Stored data entries:

· · · · ·

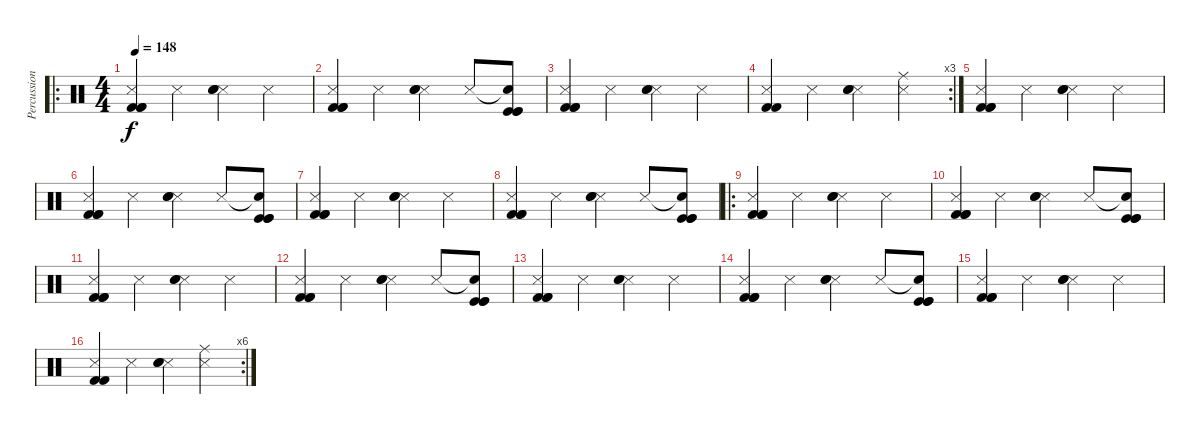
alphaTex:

\track ("Percussion" "Percussion") {instrument percussion}
\staff {score}
\articulation defaults
\ro
\ts (4 4)
\tempo 148
\clef neutral
\ks c
("Snare (side stick) 3" "Kick (hit) 2" "Kick (hit) 2" "Kick (hit) 2").4{dy f} "Snare (side stick) 3".4 ("Snare (side stick) 3" "Electric Snare (hit)" "Electric Snare (hit)").4 "Snare (side stick) 3".4 |
("Snare (side stick) 3" "Kick (hit) 2" "Kick (hit) 2" "Kick (hit) 2").4 "Snare (side stick) 3".4 ("Snare (side stick) 3" "Electric Snare (hit)" "Electric Snare (hit)").4 "Snare (side stick) 3".8 ("Snare (hit)"{t} "Kick (hit)" "Kick (hit)" "Kick (hit)").8 |
("Snare (side stick) 3" "Kick (hit) 2" "Kick (hit) 2" "Kick (hit) 2").4 "Snare (side stick) 3".4 ("Snare (side stick) 3" "Electric Snare (hit)" "Electric Snare (hit)").4 "Snare (side stick) 3".4 |
\rc 3
("Snare (side stick) 3" "Kick (hit) 2" "Kick (hit) 2").4 "Snare (side stick) 3".4 ("Snare (side stick) 3" "Electric Snare (hit)" "Electric Snare (hit)").4 ("Snare (side stick) 3" "Ride (middle)").4 |
("Snare (side stick) 3" "Kick (hit) 2" "Kick (hit) 2" "Kick (hit) 2").4 "Snare (side stick) 3".4 ("Snare (side stick) 3" "Electric Snare (hit)" "Electric Snare (hit)").4 "Snare (side stick) 3".4 |
("Snare (side stick) 3" "Kick (hit) 2" "Kick (hit) 2" "Kick (hit) 2").4 "Snare (side stick) 3".4 ("Snare (side stick) 3" "Electric Snare (hit)" "Electric Snare (hit)").4 "Snare (side stick) 3".8 ("Snare (hit)"{t} "Kick (hit)" "Kick (hit)" "Kick (hit)").8 |
("Snare (side stick) 3" "Kick (hit) 2" "Kick (hit) 2" "Kick (hit) 2").4 "Snare (side stick) 3".4 ("Snare (side stick) 3" "Electric Snare (hit)" "Electric Snare (hit)").4 "Snare (side stick) 3".4 |
("Snare (side stick) 3" "Kick (hit) 2" "Kick (hit) 2" "Kick (hit) 2").4 "Snare (side stick) 3".4 ("Snare (side stick) 3" "Electric Snare (hit)" "Electric Snare (hit)").4 "Snare (side stick) 3".8 ("Snare (hit)"{t} "Kick (hit)" "Kick (hit)" "Kick (hit)").8 |
\ro
("Snare (side stick) 3" "Kick (hit) 2" "Kick (hit) 2" "Kick (hit) 2").4 "Snare (side stick) 3".4 ("Snare (side stick) 3" "Electric Snare (hit)" "Electric Snare (hit)").4 "Snare (side stick) 3".4 |
("Snare (side stick) 3" "Kick (hit) 2" "Kick (hit) 2" "Kick (hit) 2").4 "Snare (side stick) 3".4 ("Snare (side stick) 3" "Electric Snare (hit)" "Electric Snare (hit)").4 "Snare (side stick) 3".8 ("Snare (hit)"{t} "Kick (hit)" "Kick (hit)" "Kick (hit)").8 |
("Snare (side stick) 3" "Kick (hit) 2" "Kick (hit) 2" "Kick (hit) 2").4 "Snare (side stick) 3".4 ("Snare (side stick) 3" "Electric Snare (hit)" "Electric Snare (hit)").4 "Snare (side stick) 3".4 |
("Snare (side stick) 3" "Kick (hit) 2" "Kick (hit) 2" "Kick (hit) 2").4 "Snare (side stick) 3".4 ("Snare (side stick) 3" "Electric Snare (hit)" "Electric Snare (hit)").4 "Snare (side stick) 3".8 ("Snare (hit)"{t} "Kick (hit)" "Kick (hit)" "Kick (hit)").8 |
("Snare (side stick) 3" "Kick (hit) 2" "Kick (hit) 2" "Kick (hit) 2").4 "Snare (side stick) 3".4 ("Snare (side stick) 3" "Electric Snare (hit)" "Electric Snare (hit)").4 "Snare (side stick) 3".4 |
("Snare (side stick) 3" "Kick (hit) 2" "Kick (hit) 2" "Kick (hit) 2").4 "Snare (side stick) 3".4 ("Snare (side stick) 3" "Electric Snare (hit)" "Electric Snare (hit)").4 "Snare (side stick) 3".8 ("Snare (hit)"{t} "Kick (hit)" "Kick (hit)" "Kick (hit)").8 |
("Snare (side stick) 3" "Kick (hit) 2" "Kick (hit) 2" "Kick (hit) 2").4 "Snare (side stick) 3".4 ("Snare (side stick) 3" "Electric Snare (hit)" "Electric Snare (hit)").4 "Snare (side stick) 3".4 |
\rc 6
("Snare (side stick) 3" "Kick (hit) 2" "Kick (hit) 2").4 "Snare (side stick) 3".4 ("Snare (side stick) 3" "Electric Snare (hit)" "Electric Snare (hit)").4 ("Snare (side stick) 3" "Ride (middle)").4

· · · · ·

For this exercise, return every line from the data that holds the string "middle".

("Snare (side stick) 3" "Kick (hit) 2" "Kick (hit) 2").4 "Snare (side stick) 3".4 ("Snare (side stick) 3" "Electric Snare (hit)" "Electric Snare (hit)").4 ("Snare (side stick) 3" "Ride (middle)").4 |
("Snare (side stick) 3" "Kick (hit) 2" "Kick (hit) 2").4 "Snare (side stick) 3".4 ("Snare (side stick) 3" "Electric Snare (hit)" "Electric Snare (hit)").4 ("Snare (side stick) 3" "Ride (middle)").4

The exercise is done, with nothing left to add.